Le traité de Maëstricht procure également ce genre de bonheur littéraire: une première lecture, d'évidence trop négligente, ne nous avait pas permis de nous souvenir que "une dérogation au sens du paragraphe 1 implique que les articles ci-après ne s'appliquent pas à l'État membre concerné: article 104C, paragraphes 9 et 11, article 105 paragraphes 1,2,3 et 5, article 105A, 108A et 109A paragraphe 2 point b." (Article 109 K-3 Traité de Maëstricht 10/18 p.159).

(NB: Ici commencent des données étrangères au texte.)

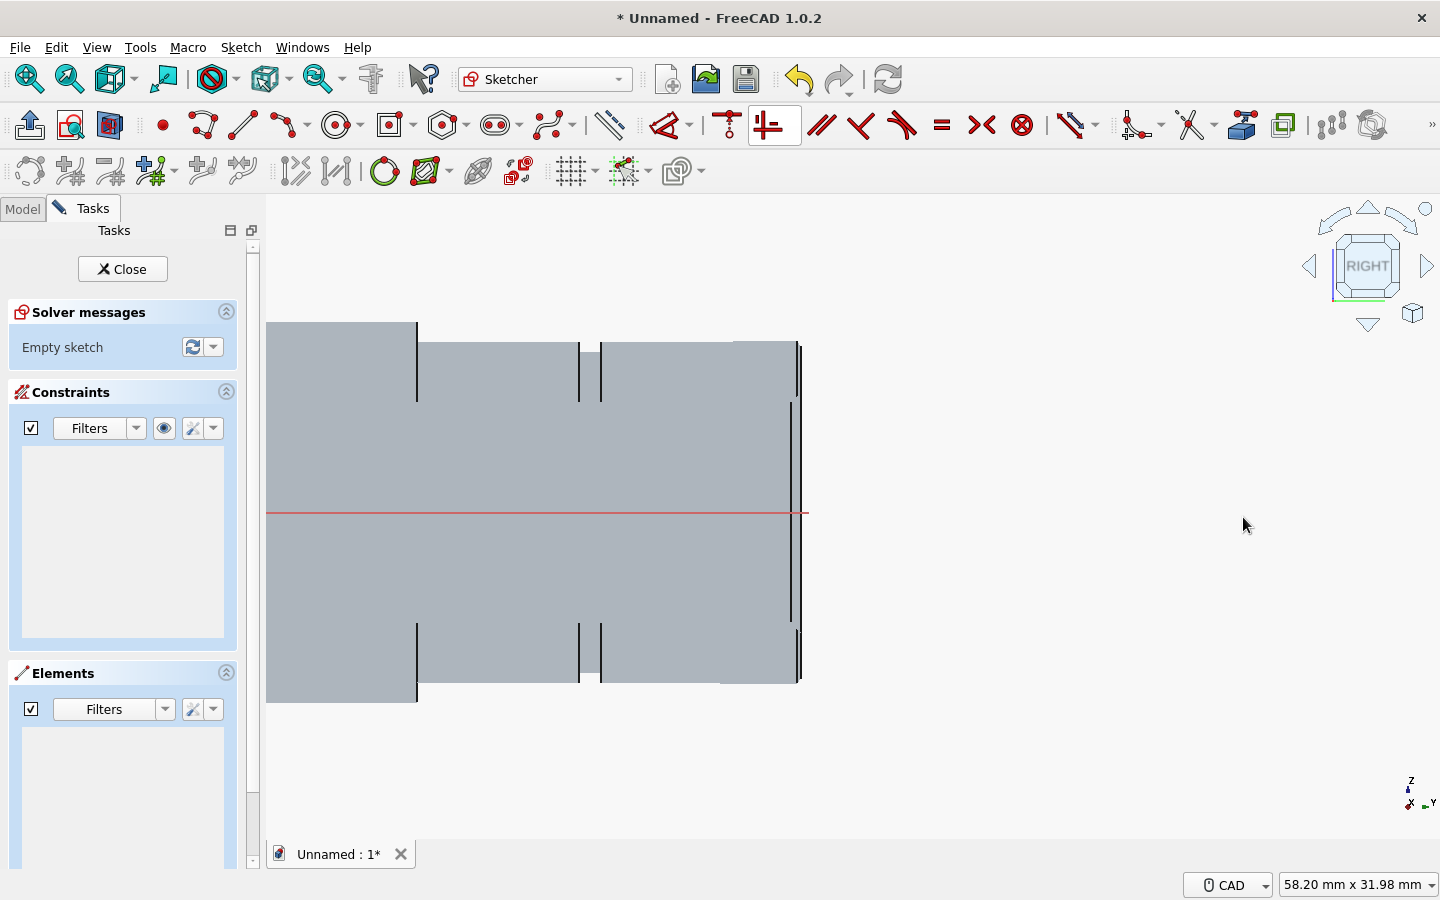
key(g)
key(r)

Le plaisir du texte ne motivait pas seulement une relecture de quelques pages du traité de Maëstricht. Il s'agissait aussi de nous faire une idée sur la vive querelle entre Français et Allemands que l'article 109 du traité a suscitée. Objet de la contreverse: qui est chargé de la «communication» sur l'euro, le président de la Banque centrale ou chaque ministre des finances et  président de banques centrales des onze pays de l'«Euroland»? Les Allemands, que la cacophonie de commentaires sur l'effondrement de l'euro a courroucés, auraient souhaité y mettre un terme en réservant au seul patron de la BCE, le droit de dire son avis sur le taux de l'euro face au dollar. Brandissant le traité de Maëstricht, les Français (appelons-les ainsi par commodité...) rétorquent que "l'article 109 précise que le conseil [européen, i.e. la réunion des chefs d'États ou de gouvernement]  «peut» formuler les orientations générales de change" (Le Monde 9/6/99). Les Allemands contestent cette interprétation et affirment que le conseil n'a voix au chapitre qu'en cas de circonstances exceptionnelles et par la voix exclusive de son président.

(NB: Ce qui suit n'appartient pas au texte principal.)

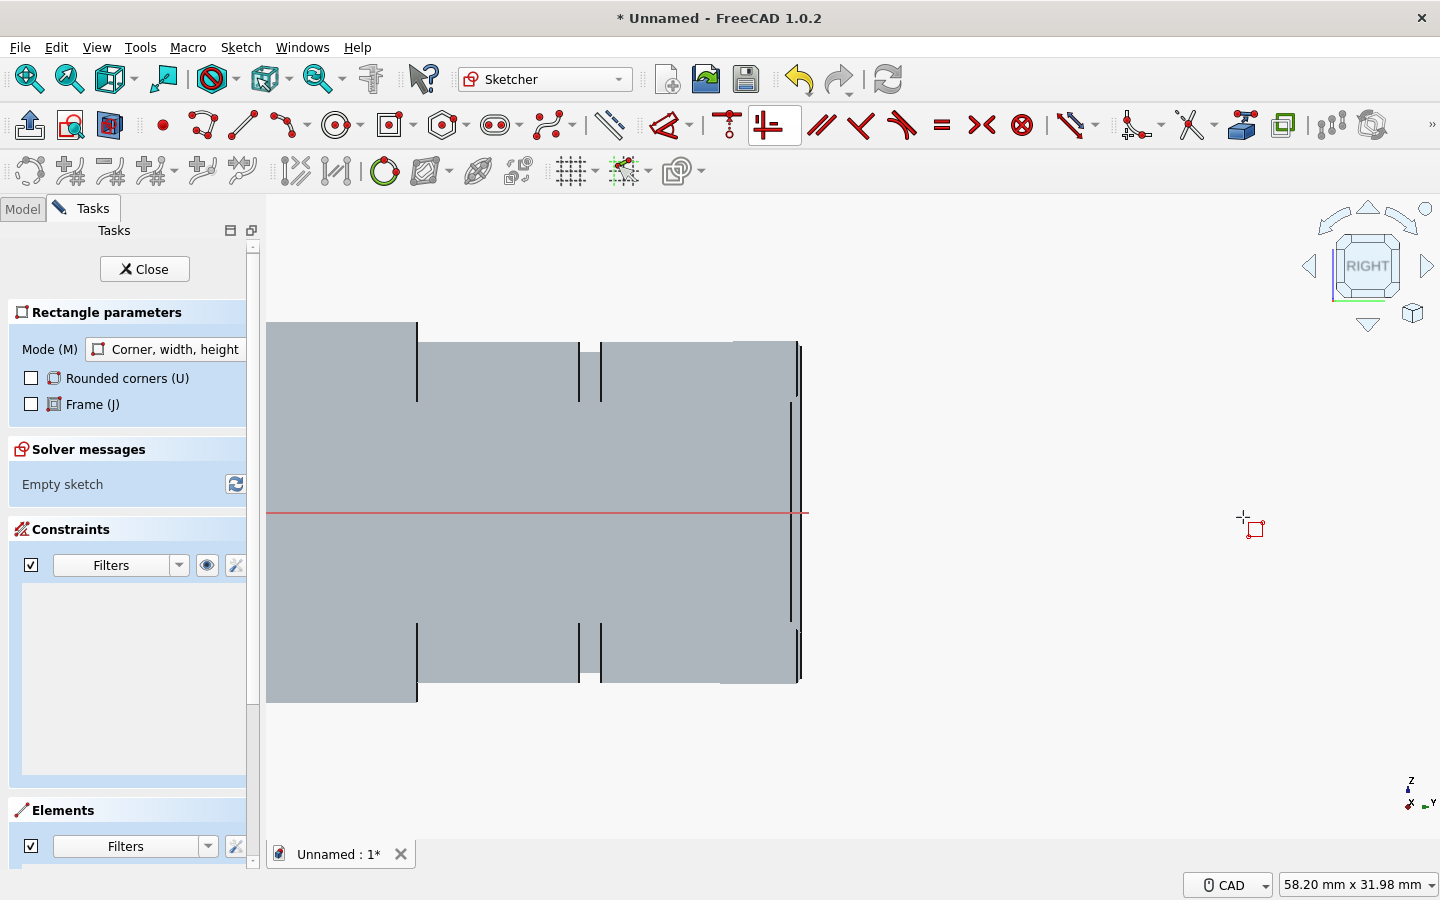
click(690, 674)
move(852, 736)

Les profanes que nous sommes se garderont bien de trancher cette importante question. Ils observent simplement que les traités européens ne sont  pas des petits livres rouges,  et qu'ils  peuvent donner lieu à des contreverses de théologiens. Si bien que l'on assistera peut-être à la naissance d'un nouveau métier, la maëstrichtologie qui serait chargée de l'interprétation des textes saints.
Ce serait une bonne nouvelle pour ceux que la disparition de l'objet de leurs études a réduits au chômage. Ainsi les constitutionnalistes multimédias que sont Guy Carcassonne, Olivier Duhamel et le bon doyen Vedel ne devraient pas connaître le drame de l'exclusion que vivent les kremlinologues Carrère d'Encausse ou Heller, depuis la disparition de l'URSS. La constitution de la Vè République va bientôt tomber en désuétude, du fait de l'Union européenne? Peu importe!  Ces constitutionnalistes mettront désormais leur sagesse impartiale et leur érudition reconnue au service de l'étude et de la vulgarisation des traités de Maëstricht et d'Amsterdam.
Ne négligeons pas trop les petites chamailleries théologiques. Les querelles religieuses (sur l'existence de dieu, sur la construction de l'Europe, etc...) paraissent confuses et absurdes aux mécréants, car elles ne se règlent pas, par définition, avec des arguments rationnels. Elles peuvent cependant avoir des conséquences spectaculaires. La grave querelle du filioque, (le Saint-Esprit procède-t-il de dieu le père seulement, ou aussi de son fiston?) n'a-t-elle pas été à l'origine du  schisme grec (en 1054) qui a coupé la chrétienté en deux? Nous ne serions pas surpris qu'une broutille insignifiante soit à l'origine de la désintégration de l'«Euroland».